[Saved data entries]
__________

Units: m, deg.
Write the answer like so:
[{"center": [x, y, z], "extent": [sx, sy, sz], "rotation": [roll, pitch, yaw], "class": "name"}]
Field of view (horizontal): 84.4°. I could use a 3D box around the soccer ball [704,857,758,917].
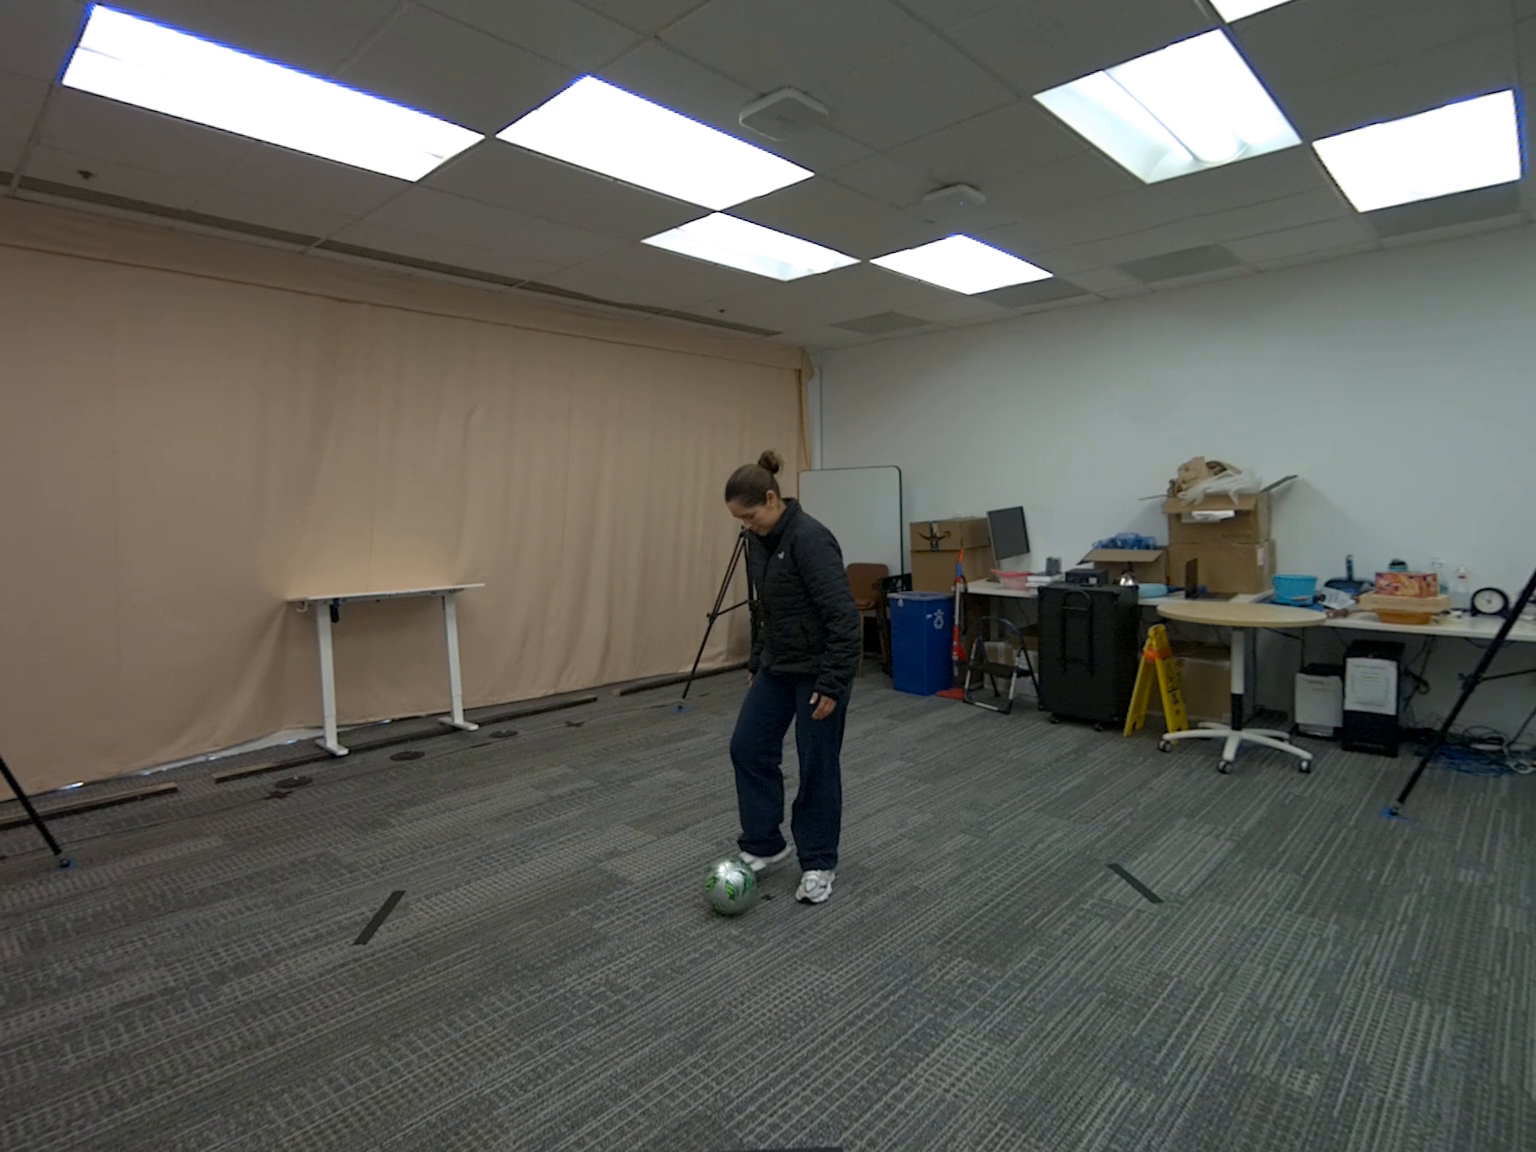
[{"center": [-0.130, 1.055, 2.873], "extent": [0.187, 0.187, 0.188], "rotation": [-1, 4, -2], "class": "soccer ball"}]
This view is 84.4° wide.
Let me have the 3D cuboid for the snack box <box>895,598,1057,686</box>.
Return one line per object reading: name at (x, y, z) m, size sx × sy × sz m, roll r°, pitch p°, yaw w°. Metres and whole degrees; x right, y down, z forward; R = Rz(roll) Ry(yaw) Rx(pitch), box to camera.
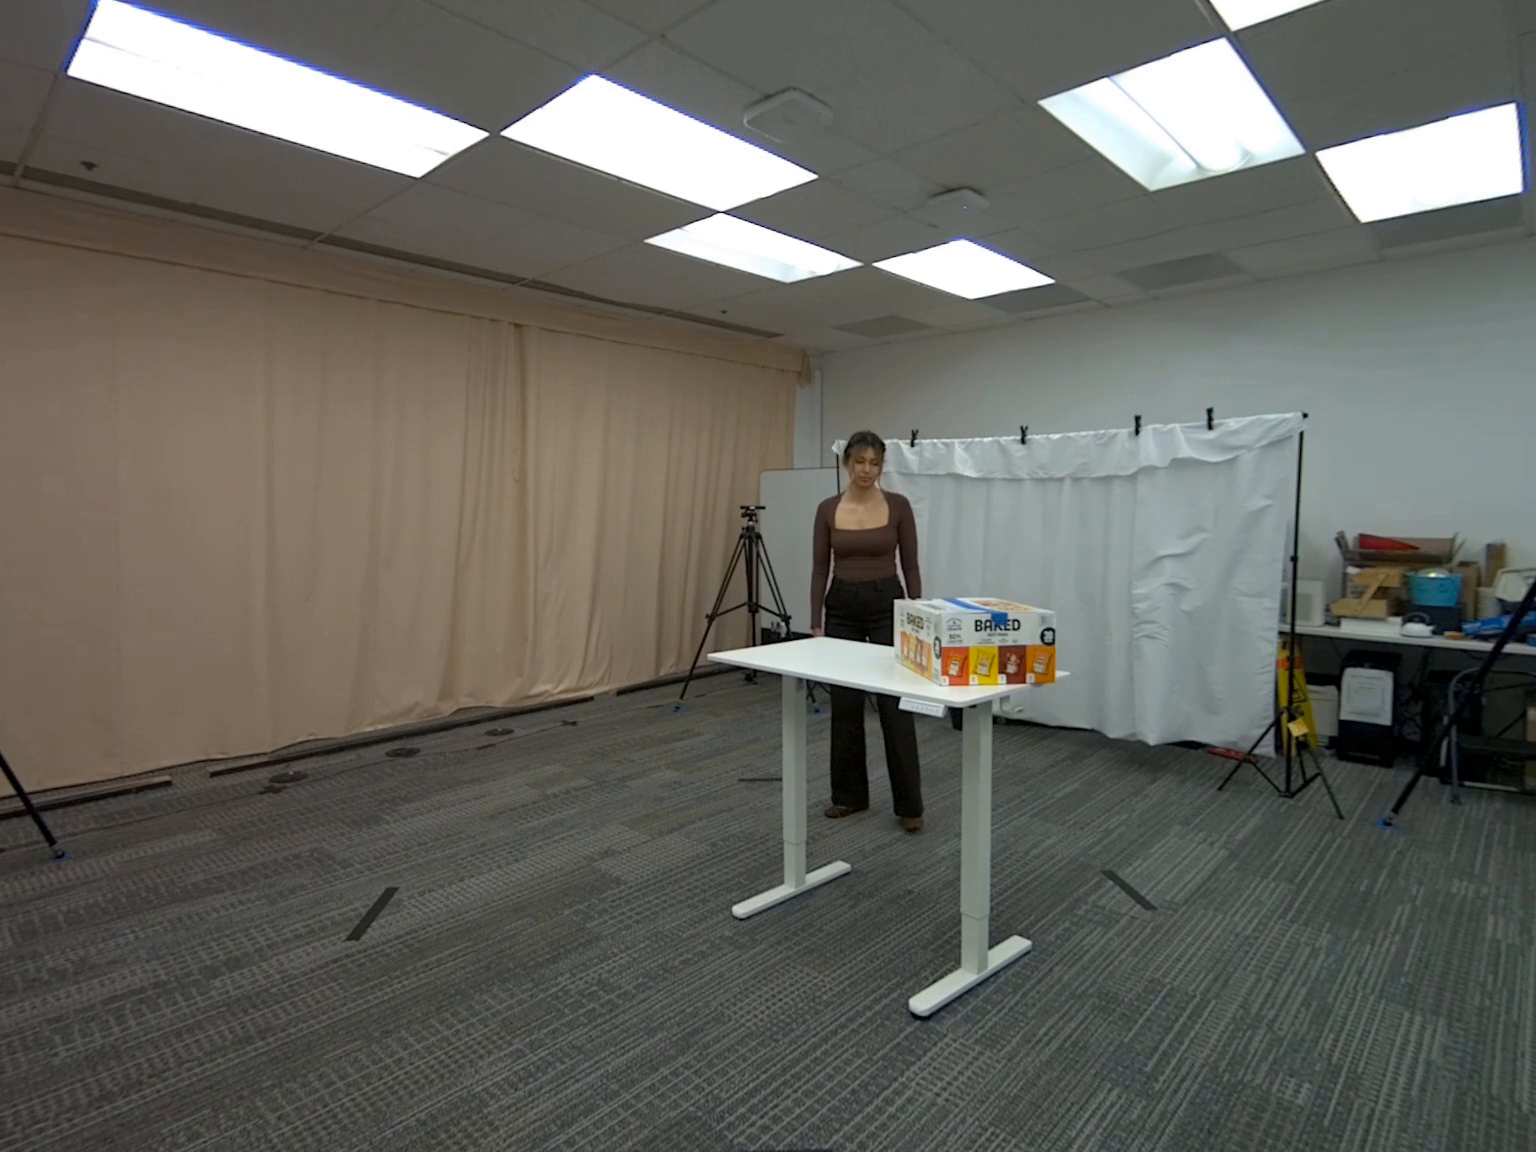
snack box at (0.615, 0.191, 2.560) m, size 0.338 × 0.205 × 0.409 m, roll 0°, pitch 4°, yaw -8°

__________

* [Goal of the exercise] Each line from the one with "Return one line" through the end of the entries should be reproduced exactly. Leave out the pictures.

* [Response]
Return one line per object reading: name at (x, y, z) m, size sx × sy × sz m, roll r°, pitch p°, yaw w°. Metres and whole degrees; x right, y down, z forward; R = Rz(roll) Ry(yaw) Rx(pitch), box to camera.
snack box at (0.615, 0.191, 2.560) m, size 0.338 × 0.205 × 0.409 m, roll 0°, pitch 4°, yaw -8°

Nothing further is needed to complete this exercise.